Com cerca de onze minutos transcorridos, English mostra a que veio exibindo uma sangrenta batalha onde observamos dois homens cortarem a língua de um abade e um sujeito que havia traído o rei sendo enforcado. Como aconteceria nas demais cenas, a câmera acompanha sofregamente os golpes brutais dos combatentes, assim mantendo-se livre e podendo passear alucinadamente pelo campo de luta a fim de infligir ao espectador uma vertigem áudiovisual que, apesar de funcionar enquanto gerador de força centrípeta, se torna o próprio calcanhar de Aquiles do filme. Esse recurso-sugestão contraditoriamente destrói algumas oportunidades de nos chocarmos com o sangue que jorra de membros decepados ou com as fraturas expostas criadas por machados e espadas. Ora, nada há de errado nessa tendência de querer fazer com que “sintamos” o que as personagens sentem, vejamos o que (e como) elas veem, mas ou chocam-se os ovos, ou prepara-se uma omelete. Irresoluto, Jonathan English agoniza perante a necessidade elementar de saber qual é o melhor modo de atingir seus propósitos – se pairando sobre as imagens ou correndo ensandecido através delas. Sangue e Honra é sim violento, mas a maneira como ela (a violência) chega aos nossos olhos só gera o deslocamento advindo de uma manipulação solapada e rasteira, pois é difícil sabermos se estamos verdadeiramente vendidos às suas intenções ou se simplesmente nos sentimos tediosamente nauseados pelos tiques epiléticos do diretor, que, por sua vez, sentenciam a inoperância da “visceralidade” exibida.

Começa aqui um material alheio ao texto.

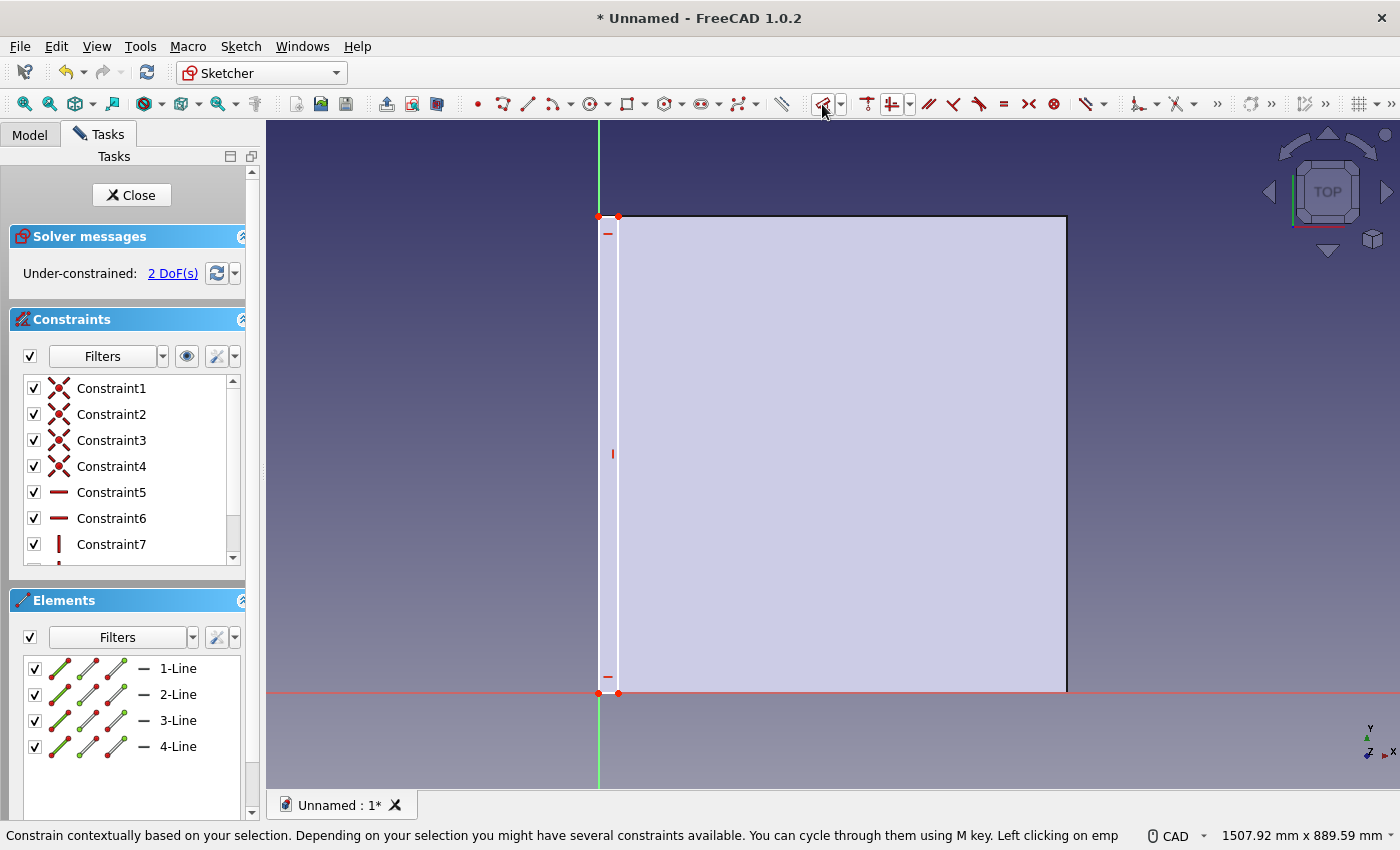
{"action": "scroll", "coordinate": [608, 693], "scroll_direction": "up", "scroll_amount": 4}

Resta, então, tentar explorar, pelo menos com o mínimo de coerência, os elementos de uma história que, como já era previsível, se desenrola quase que inteiramente em um espaço apenas: o castelo tomado pelos rebeldes e sitiado pelo rei e seu exército de mercenários dinamarqueses comandado por um grandalhão chamado Tiberius (Vladimir Kulich), personagem talhada para parecer uma espécie de viking-chefão-chucknorris, mas que fica estagnado na aparência e, mesmo no calor de suas participações mais afetivas, não deixa de ser um parvo fantoche. Acompanhamos aqui também a evolução do amor entre Marshall e Isabel (Kate Mara), que é proibido tanto por ele temer quebrar seu elo com Deus quanto por ela ser esposa de Cornhill. E é nessa clausura, diante da iminência de morte, que o jogo de resta um proposto, sem jamais sair do lugar, segue até o fim cumprindo as mais inócuas convenções de roteiro.

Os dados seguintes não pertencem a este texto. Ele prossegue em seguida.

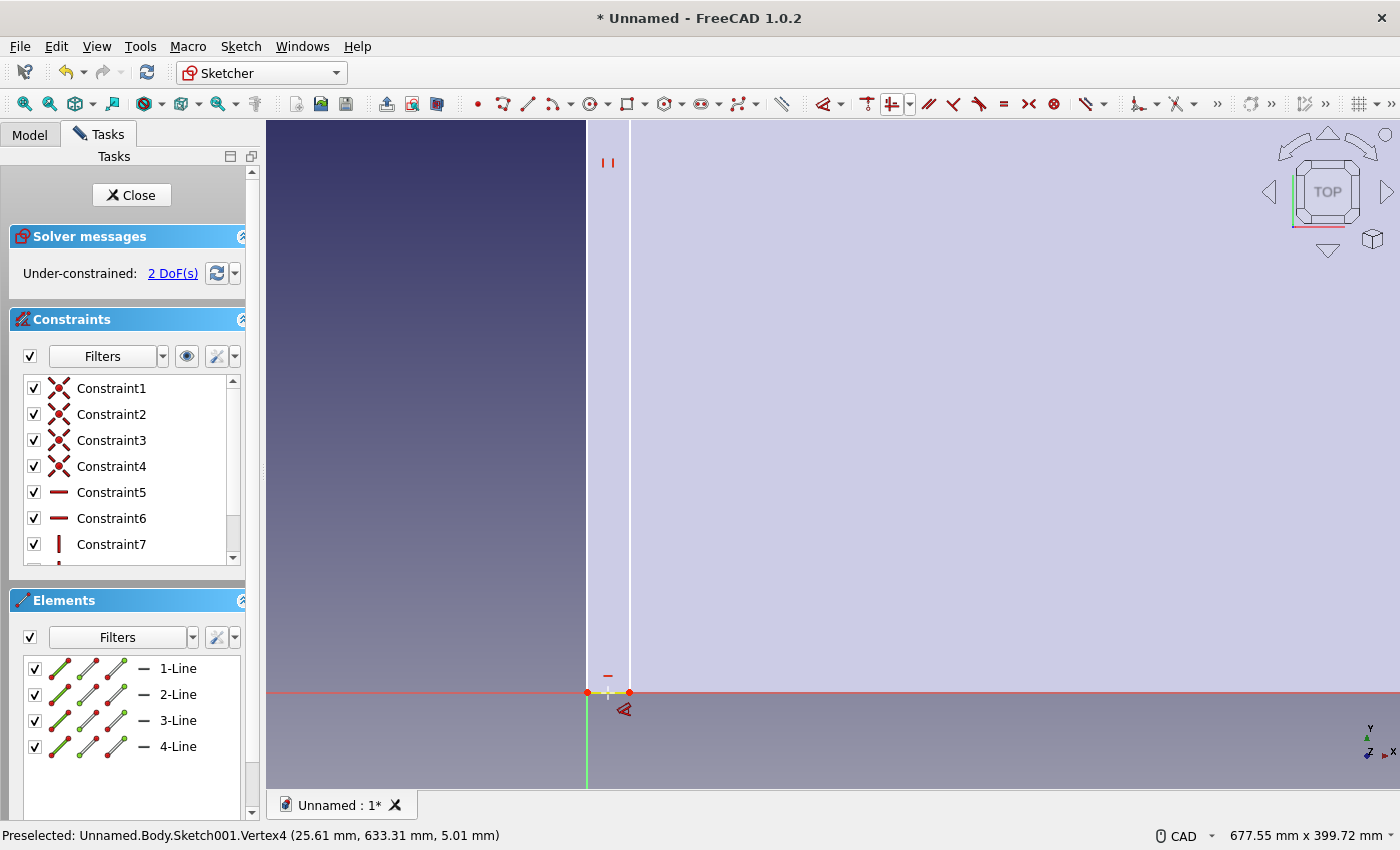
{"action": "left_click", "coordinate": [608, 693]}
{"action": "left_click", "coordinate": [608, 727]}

Há um momento, ainda que não menos pobre que os demais, em que Sangue e Honra tenta mostrar que existe uma reserva de vida além de sua barbárie problemática: aquele em que Isabel diz a Marshall que em nome de Deus ele está empunhando uma espada e matando e que o amor entre eles não pode ser mais pecaminoso do que isso. Esse diálogo faz ponte com o ridículo discurso do rei em que ele, com extrema exaltação, brada que sua condição é somente a pura e inequívoca vontade de Deus. Portanto, parece inaceitável matar em nome de um Deus que dá poderes a um déspota. A quebra dos grilhões que prendem Marshall é posteriormente representada em batalha, mais precisamente quando sua espada é partida ao meio. Assim, English entrega a razão de existir de seu filme e encerra-o com uma já não tão sufocante inércia.

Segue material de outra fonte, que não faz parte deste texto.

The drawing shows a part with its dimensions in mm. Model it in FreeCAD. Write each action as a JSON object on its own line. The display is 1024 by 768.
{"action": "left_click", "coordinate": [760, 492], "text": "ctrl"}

Diante disso, sou forçado a crer que me lembrei de 300 porque – sem esquecer de que, ao contrário deste, estava diante de um filme ao qual fora delegada pouca relevância e que rasgou o caminho direto para as prateleiras das locadoras do país – durante os primeiros minutos de contato pensei que, tal qual Snyder, English estivesse sequioso por algo que desse a seu trabalho a força necessária para caminhar sozinho, mas foi um grande engano; e por mais que qualitativamente não consiga estabelecer mensurável distância entre os dois, o primeiro, a julgar também por seus demais filmes, não é falaz, pois vende o que anuncia, por pior que isso seja. Logo, tão tolos quanto minha insistente comparação são Sangue e Honra e todas as suas supostas idiossincrasias.